Assigned task >>
Go to the line in the entries below that holds "Provide a succinct answer. 8.72e+08." and repeat exactly from there through the line that holds "Your response must be concise. -7.58e+07.", inclusive.

Recorded information >>
++++

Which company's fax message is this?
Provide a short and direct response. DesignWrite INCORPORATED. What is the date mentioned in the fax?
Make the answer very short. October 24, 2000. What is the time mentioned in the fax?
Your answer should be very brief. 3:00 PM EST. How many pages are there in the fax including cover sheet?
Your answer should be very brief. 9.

++++

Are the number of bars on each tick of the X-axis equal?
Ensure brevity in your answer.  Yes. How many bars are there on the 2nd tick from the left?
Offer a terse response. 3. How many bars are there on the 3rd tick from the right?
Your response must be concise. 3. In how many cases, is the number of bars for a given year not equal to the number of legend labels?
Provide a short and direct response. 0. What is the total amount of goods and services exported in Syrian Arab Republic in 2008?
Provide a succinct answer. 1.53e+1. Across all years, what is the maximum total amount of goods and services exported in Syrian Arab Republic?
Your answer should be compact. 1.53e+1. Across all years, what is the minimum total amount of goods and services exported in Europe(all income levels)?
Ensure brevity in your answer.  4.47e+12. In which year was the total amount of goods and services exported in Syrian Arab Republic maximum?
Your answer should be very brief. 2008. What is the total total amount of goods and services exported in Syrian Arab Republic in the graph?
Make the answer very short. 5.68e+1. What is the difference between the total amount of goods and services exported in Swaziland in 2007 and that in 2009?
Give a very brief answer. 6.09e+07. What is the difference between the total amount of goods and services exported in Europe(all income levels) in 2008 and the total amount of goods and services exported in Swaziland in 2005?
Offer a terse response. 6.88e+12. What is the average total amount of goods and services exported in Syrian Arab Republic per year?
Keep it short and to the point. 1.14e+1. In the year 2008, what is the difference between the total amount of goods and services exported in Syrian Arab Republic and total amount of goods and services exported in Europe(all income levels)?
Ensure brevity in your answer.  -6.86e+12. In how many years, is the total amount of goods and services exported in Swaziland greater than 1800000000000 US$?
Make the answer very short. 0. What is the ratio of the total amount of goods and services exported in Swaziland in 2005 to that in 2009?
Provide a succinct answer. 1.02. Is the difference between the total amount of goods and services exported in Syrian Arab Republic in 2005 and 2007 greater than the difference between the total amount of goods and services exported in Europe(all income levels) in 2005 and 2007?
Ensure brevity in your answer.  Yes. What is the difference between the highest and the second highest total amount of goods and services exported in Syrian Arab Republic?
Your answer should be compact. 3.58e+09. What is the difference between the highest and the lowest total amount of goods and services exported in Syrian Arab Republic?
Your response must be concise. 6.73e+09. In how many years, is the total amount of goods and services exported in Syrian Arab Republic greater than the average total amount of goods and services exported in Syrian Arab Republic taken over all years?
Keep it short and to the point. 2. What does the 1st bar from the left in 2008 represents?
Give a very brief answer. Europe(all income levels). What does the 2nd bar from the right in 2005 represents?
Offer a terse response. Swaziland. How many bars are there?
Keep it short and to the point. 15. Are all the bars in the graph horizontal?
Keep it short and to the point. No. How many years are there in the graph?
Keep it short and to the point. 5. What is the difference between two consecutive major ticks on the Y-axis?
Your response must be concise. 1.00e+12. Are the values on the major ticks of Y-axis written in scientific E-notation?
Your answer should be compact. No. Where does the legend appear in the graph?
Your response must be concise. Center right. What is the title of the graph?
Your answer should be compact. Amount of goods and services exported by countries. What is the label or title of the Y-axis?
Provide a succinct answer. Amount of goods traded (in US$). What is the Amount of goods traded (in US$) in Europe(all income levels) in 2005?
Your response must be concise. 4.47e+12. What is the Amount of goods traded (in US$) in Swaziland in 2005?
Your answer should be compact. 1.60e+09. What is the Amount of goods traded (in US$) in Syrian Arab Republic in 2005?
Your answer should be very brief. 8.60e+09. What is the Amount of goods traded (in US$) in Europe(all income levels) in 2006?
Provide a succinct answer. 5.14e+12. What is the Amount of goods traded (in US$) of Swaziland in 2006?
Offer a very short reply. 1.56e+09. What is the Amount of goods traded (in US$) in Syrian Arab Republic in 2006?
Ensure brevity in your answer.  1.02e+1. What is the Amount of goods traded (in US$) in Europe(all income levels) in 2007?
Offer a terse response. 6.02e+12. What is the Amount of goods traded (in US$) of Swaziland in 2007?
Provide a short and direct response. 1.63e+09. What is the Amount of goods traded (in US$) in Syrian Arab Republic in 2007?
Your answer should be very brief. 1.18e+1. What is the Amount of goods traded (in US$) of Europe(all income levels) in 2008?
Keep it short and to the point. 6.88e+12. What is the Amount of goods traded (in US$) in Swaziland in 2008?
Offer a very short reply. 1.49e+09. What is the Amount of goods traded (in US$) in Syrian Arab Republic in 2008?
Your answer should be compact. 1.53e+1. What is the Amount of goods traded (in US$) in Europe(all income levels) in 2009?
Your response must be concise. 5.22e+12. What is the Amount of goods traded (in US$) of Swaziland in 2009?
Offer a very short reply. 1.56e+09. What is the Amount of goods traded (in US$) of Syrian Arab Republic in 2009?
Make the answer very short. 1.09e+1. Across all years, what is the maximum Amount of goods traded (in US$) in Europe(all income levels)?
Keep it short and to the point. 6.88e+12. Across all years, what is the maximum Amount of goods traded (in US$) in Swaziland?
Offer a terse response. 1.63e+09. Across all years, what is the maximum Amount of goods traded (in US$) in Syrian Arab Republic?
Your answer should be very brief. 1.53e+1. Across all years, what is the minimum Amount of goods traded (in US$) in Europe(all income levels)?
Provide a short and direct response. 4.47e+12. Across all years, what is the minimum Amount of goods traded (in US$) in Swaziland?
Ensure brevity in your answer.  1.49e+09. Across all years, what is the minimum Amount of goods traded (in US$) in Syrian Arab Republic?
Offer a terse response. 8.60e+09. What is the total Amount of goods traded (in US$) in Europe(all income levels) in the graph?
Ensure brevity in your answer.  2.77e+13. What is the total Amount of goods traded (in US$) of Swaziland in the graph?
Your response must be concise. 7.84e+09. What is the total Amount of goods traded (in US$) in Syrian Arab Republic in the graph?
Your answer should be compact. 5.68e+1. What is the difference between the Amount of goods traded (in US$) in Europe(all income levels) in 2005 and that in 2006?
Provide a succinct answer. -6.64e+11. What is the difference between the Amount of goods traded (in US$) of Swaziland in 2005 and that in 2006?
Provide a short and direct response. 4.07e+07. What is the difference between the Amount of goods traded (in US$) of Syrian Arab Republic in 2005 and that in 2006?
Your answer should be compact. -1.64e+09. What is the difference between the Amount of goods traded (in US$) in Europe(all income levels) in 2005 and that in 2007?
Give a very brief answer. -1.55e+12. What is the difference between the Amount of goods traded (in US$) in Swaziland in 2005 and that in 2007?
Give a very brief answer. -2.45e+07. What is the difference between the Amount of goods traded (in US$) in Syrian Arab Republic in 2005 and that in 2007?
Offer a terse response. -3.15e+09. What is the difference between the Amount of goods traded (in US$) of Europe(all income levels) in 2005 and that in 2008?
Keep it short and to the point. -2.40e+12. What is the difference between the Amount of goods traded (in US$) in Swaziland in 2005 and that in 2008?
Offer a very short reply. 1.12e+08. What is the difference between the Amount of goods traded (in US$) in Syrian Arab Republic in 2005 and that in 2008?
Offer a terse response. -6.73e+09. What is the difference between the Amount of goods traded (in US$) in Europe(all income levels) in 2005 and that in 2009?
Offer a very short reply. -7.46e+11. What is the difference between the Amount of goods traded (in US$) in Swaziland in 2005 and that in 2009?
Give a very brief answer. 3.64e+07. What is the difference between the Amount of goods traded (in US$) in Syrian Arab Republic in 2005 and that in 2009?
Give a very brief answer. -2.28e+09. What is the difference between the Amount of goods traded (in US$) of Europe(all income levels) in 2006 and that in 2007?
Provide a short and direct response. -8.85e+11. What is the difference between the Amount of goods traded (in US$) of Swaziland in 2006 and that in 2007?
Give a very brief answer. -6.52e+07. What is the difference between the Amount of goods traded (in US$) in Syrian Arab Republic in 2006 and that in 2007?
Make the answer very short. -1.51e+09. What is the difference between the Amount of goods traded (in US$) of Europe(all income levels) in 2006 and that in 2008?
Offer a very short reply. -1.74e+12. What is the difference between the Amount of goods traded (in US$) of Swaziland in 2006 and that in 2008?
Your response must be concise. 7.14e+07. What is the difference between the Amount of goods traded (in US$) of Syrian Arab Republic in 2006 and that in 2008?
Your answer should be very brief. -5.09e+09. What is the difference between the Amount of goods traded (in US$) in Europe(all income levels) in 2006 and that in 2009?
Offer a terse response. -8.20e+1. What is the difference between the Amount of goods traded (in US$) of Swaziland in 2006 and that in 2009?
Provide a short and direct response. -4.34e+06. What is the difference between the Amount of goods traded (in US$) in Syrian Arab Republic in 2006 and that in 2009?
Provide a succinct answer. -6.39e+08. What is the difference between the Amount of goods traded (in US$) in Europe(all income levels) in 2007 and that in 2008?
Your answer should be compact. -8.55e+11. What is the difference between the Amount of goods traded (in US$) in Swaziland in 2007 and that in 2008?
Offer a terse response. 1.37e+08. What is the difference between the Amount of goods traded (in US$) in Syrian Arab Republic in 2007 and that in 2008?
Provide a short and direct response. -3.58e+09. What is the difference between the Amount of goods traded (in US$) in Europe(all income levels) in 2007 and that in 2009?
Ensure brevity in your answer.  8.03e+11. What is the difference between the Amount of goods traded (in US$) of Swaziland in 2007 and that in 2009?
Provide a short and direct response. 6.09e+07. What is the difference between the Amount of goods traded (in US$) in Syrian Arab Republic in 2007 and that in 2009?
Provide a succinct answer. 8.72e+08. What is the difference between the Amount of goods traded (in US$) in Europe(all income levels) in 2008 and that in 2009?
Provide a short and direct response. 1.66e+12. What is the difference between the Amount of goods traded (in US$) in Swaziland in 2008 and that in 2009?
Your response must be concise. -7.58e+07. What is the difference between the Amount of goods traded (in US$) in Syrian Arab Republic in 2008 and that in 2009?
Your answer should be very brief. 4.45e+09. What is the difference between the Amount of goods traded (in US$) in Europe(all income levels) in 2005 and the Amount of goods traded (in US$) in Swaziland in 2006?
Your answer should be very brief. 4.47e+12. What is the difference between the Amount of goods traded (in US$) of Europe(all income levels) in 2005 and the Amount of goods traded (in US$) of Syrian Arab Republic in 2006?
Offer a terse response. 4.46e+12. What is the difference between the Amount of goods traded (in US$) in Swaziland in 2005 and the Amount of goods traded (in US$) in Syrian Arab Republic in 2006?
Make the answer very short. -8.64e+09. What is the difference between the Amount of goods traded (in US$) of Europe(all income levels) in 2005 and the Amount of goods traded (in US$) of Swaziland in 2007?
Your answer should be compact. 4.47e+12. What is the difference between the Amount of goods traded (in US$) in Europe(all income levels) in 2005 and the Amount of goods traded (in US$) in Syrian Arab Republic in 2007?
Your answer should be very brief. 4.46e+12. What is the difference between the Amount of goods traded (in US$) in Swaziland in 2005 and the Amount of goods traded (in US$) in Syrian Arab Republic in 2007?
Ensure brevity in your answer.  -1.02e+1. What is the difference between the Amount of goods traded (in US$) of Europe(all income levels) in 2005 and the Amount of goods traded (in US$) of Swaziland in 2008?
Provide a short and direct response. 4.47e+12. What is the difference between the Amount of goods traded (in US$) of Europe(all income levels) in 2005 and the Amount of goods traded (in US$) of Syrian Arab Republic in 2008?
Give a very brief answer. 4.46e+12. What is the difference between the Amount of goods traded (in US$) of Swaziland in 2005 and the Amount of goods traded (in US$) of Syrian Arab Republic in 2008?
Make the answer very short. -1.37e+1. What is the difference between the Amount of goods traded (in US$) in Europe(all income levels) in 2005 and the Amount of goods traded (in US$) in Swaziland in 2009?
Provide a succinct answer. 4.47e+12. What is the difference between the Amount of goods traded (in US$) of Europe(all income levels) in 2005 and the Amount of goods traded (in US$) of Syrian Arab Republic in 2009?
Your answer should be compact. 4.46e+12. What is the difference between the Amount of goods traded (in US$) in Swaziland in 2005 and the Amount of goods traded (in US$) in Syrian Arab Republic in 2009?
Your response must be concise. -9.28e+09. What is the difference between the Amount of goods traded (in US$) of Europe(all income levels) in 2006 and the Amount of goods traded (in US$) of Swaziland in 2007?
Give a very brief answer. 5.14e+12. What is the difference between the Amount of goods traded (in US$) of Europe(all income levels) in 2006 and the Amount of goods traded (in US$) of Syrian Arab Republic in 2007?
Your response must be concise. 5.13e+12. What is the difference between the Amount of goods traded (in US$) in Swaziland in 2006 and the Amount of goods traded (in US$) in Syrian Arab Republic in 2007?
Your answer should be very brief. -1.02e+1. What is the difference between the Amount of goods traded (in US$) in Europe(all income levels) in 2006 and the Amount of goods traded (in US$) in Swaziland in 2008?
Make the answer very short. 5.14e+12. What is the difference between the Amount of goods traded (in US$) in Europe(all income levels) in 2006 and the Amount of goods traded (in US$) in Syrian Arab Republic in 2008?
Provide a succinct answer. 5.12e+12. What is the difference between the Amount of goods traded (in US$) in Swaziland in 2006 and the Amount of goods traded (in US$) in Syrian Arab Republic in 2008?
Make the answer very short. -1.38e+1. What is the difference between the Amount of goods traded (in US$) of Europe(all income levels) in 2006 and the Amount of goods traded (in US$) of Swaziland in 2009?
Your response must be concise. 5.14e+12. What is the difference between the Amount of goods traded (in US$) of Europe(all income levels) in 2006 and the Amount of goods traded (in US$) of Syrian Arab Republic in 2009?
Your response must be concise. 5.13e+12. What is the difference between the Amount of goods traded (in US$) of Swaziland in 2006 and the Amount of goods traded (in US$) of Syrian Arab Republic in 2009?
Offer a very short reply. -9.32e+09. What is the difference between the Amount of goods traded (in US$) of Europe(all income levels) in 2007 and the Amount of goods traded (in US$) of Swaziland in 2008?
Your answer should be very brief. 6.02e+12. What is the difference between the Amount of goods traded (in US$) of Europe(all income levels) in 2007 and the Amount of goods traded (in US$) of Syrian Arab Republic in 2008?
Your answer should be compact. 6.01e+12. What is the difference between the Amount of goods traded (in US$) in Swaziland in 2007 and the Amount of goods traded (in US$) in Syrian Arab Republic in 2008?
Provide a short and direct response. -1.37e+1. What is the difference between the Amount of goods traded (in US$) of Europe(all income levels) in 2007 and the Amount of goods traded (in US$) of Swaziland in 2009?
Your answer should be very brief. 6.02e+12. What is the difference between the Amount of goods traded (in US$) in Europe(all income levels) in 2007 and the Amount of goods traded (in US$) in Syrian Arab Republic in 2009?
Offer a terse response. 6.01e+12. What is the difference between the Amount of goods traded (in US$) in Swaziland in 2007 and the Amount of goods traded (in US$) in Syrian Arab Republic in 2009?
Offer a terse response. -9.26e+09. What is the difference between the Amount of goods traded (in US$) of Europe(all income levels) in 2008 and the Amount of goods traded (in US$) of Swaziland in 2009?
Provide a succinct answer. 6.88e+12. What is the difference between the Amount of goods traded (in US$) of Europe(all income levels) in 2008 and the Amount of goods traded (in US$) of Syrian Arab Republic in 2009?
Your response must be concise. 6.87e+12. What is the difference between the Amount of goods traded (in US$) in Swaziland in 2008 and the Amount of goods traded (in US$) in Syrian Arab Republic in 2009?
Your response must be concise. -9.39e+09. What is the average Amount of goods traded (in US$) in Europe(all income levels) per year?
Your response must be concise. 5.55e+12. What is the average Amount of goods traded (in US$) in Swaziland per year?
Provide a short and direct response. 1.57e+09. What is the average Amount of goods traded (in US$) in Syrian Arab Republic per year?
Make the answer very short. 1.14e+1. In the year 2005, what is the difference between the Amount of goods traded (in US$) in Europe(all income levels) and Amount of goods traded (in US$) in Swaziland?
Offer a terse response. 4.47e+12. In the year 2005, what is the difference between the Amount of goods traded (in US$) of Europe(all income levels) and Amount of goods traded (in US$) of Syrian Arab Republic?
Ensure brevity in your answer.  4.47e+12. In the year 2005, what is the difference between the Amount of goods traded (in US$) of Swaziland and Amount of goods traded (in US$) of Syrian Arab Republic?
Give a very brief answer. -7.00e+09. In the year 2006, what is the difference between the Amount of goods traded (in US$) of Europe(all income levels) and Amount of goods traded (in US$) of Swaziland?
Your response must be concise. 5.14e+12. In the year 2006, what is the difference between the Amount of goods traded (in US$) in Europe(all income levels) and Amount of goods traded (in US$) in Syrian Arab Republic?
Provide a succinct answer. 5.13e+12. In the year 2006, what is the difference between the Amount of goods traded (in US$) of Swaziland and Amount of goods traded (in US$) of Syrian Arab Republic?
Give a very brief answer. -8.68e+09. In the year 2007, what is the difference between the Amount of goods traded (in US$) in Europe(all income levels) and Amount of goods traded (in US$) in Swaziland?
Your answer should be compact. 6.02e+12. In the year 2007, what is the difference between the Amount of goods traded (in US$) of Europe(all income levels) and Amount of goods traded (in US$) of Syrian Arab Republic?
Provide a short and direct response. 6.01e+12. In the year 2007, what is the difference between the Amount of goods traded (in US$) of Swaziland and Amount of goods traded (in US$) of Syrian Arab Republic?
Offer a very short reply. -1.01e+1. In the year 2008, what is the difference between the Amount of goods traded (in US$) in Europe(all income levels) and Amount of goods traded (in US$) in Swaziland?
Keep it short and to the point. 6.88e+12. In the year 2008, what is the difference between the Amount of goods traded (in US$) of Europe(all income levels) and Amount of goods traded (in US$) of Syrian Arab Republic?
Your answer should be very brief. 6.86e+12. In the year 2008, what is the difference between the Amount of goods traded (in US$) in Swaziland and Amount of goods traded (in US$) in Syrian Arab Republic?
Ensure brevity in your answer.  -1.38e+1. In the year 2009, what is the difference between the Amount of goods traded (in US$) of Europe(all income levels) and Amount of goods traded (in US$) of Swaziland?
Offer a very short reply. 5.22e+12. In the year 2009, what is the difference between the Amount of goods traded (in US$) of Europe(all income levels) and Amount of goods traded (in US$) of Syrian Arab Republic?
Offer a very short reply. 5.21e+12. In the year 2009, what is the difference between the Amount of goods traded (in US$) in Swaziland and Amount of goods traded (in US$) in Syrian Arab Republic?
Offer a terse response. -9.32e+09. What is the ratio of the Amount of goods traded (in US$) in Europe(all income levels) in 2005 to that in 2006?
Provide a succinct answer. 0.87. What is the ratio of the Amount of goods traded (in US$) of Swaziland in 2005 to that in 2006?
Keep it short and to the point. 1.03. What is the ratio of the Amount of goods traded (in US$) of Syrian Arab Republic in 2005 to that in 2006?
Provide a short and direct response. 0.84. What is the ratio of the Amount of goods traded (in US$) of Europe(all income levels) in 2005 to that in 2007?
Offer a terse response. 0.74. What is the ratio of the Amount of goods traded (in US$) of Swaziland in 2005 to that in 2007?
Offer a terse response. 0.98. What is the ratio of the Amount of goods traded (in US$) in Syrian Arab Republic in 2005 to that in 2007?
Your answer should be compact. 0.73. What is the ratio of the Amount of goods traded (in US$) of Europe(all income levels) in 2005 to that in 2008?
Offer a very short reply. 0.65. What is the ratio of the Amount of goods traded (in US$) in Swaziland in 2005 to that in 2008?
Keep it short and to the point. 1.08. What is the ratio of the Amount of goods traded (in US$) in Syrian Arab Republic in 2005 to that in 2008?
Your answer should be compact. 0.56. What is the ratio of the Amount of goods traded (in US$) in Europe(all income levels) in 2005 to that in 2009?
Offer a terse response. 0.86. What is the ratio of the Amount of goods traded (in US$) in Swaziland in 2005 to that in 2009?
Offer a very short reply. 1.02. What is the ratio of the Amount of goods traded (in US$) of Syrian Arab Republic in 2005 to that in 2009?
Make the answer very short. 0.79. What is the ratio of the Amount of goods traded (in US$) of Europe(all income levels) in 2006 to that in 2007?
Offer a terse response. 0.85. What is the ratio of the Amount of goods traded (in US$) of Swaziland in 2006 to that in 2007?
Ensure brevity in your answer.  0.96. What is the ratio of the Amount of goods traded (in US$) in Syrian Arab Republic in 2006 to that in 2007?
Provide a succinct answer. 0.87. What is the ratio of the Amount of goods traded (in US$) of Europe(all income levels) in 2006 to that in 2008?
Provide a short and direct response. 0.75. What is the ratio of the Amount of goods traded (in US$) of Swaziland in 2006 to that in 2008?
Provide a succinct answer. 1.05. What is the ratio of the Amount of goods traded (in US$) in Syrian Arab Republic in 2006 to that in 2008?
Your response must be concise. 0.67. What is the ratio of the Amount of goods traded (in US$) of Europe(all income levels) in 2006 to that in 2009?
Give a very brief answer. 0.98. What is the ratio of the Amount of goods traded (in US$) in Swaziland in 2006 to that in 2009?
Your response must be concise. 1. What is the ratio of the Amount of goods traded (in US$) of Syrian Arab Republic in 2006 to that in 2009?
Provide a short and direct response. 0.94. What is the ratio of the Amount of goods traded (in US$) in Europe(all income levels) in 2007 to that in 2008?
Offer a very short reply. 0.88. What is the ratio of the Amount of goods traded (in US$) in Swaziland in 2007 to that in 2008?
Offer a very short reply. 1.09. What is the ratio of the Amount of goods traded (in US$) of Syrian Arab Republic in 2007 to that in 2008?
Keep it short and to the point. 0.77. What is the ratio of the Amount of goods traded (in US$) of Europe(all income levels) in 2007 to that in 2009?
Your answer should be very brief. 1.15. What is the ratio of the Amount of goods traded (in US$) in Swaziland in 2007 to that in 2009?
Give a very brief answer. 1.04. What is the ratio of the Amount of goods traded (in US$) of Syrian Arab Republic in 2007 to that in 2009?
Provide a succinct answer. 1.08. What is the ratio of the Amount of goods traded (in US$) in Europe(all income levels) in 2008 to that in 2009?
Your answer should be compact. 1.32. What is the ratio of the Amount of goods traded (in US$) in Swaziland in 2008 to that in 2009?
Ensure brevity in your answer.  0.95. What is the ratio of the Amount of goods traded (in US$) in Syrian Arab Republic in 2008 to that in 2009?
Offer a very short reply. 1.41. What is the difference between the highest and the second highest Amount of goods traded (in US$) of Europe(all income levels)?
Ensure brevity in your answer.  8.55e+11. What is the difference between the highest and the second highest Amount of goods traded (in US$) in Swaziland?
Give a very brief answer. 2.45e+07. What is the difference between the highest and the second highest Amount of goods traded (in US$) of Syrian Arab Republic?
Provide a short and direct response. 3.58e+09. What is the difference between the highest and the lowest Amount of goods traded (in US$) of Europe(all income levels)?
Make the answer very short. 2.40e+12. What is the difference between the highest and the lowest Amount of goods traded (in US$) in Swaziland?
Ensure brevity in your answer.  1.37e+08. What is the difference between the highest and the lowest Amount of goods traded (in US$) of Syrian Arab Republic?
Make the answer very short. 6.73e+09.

++++

Reply >>
Provide a succinct answer. 8.72e+08. What is the difference between the Amount of goods traded (in US$) in Europe(all income levels) in 2008 and that in 2009?
Provide a short and direct response. 1.66e+12. What is the difference between the Amount of goods traded (in US$) in Swaziland in 2008 and that in 2009?
Your response must be concise. -7.58e+07. What is the difference between the Amount of goods traded (in US$) in Syrian Arab Republic in 2008 and that in 2009?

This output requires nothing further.